The generation quality is quite bad still, but it does look like we’re still marginally improving.
PROMPT: ': in what circumstances then? must it not be in the most honourable? now such is death in war, because it is death in the'
OUTPUT: 'world, in which he has to do with that of a man who has been to the mind in his own nature, and as the predicate of a thing, and which is not so much as to think. It is a true cause. It is, that the whole in the United States are an objective reality, and is only in the mind (II. xiii.. and therefore (III. xi. not'
Now let’s try 4 blocks:
main | INFO | 2026-02-19 19:54:34 | starting training:
n_params=23.1M, n_batches=3548, batch_size=4096, context_length=33, tokens_per_batch=135.2K, total_tokens=1.4B
main | INFO | 2026-02-19 19:55:00 | {'batch': '100/3548', 'epoch': '1/3', 'tokens_seen': '13.5M', 'attn_entropy': {0: [nan, nan, nan, nan], 1: [nan, nan, nan, nan], 2: [nan, nan, nan, nan], 3: [nan, nan, nan, nan]}, 'batch_time_ms': 227.23, 'train_loss': nan, 'train_ppl': nan, 'val_loss': -inf, 'val_ppl': 0.0}
Shit.
Well the attention masks are ‘blowing up’ again. Fortunately, we’ve seen this before. Recall the single-head attention post last time, when we tried doing attention without the \(\sqrt{d}\) scaling.
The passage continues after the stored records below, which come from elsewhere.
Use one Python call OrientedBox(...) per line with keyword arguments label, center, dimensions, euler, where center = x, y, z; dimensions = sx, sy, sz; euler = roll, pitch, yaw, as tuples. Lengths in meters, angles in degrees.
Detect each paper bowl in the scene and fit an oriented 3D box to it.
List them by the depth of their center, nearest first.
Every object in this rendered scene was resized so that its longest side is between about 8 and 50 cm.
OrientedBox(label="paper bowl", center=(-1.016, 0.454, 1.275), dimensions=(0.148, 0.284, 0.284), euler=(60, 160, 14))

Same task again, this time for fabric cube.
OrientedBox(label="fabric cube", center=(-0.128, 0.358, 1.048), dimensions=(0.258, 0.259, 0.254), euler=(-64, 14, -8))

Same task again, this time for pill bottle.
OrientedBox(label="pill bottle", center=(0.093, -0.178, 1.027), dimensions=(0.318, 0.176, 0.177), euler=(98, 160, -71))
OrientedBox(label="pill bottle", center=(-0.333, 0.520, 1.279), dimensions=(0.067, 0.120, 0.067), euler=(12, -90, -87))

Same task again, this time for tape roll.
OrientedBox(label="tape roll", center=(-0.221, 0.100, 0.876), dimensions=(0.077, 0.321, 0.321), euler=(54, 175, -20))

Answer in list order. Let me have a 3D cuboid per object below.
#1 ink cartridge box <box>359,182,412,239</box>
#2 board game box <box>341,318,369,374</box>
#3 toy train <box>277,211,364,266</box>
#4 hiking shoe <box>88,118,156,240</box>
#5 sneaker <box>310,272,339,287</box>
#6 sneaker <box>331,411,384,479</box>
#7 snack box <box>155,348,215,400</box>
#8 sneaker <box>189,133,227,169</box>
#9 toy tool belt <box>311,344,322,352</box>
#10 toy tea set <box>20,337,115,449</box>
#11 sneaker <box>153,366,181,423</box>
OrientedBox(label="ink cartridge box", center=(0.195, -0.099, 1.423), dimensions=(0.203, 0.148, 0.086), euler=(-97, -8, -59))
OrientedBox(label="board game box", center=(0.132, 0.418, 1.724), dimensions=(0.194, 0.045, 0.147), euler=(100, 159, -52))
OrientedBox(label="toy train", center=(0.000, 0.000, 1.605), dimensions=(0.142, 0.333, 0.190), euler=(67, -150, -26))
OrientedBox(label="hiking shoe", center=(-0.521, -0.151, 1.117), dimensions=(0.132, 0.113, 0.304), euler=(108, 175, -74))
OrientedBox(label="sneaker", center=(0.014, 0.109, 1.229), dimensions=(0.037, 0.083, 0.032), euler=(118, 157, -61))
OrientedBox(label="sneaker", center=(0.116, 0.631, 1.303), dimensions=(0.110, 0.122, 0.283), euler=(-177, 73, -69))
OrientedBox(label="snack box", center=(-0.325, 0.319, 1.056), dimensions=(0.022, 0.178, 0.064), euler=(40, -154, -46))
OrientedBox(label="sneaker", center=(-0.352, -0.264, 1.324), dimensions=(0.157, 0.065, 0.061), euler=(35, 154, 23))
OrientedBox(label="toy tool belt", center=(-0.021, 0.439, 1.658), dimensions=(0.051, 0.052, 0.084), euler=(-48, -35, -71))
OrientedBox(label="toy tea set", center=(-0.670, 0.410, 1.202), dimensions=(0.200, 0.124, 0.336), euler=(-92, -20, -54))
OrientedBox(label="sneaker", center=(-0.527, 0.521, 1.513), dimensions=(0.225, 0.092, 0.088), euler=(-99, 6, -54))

What happened? The variance in the last dimension (ie per-row,per-position) was too high, and so one entry dominated the softmax, killed the gradient flow, and ruined our model. The fix was to normalize down to unit variance by dividing by the standard deviation.
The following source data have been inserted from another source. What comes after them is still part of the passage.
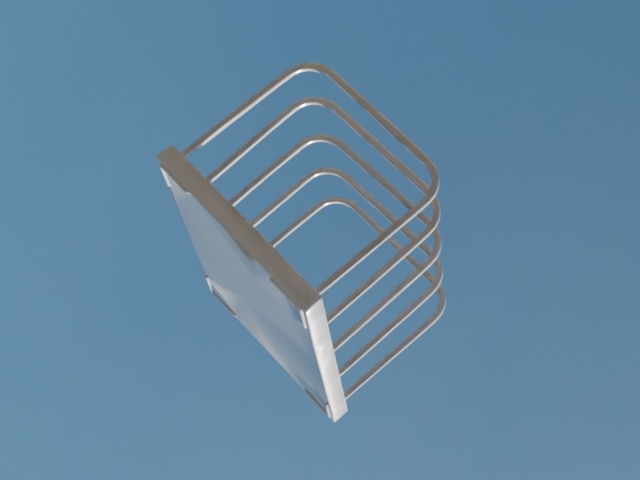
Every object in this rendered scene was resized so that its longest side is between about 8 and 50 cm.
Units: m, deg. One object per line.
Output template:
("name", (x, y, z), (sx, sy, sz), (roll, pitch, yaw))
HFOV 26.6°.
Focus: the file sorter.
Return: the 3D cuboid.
("file sorter", (0.000, 0.000, 1.226), (0.173, 0.277, 0.193), (-40, -113, -13))

Is the same thing happening here? Does the same fix work?
If we simply assume a mean of zero (it turns out that our residual stream does tend to center around zero), then the scaling factor is just:
\[\sqrt{\frac{1}{d}\sum_{i=1}^d x_i^2}\]
The right hand side is just there to illustrate that the scaling factor is roughly \(1\) (ie does little) if our input is already unit variance. The intuition is roughly:
\[\mathbb{E}[||x||_2^2] = \mathbb{E}\left[\sum_{i=1}^d x_i^2\right] = \sum_{i=1}^d \mathbb{E}[x_i^2] = \sum_{i=1}^d 1 = d \implies \mathbb{E}[||x||_2] \approx \sqrt{d}\]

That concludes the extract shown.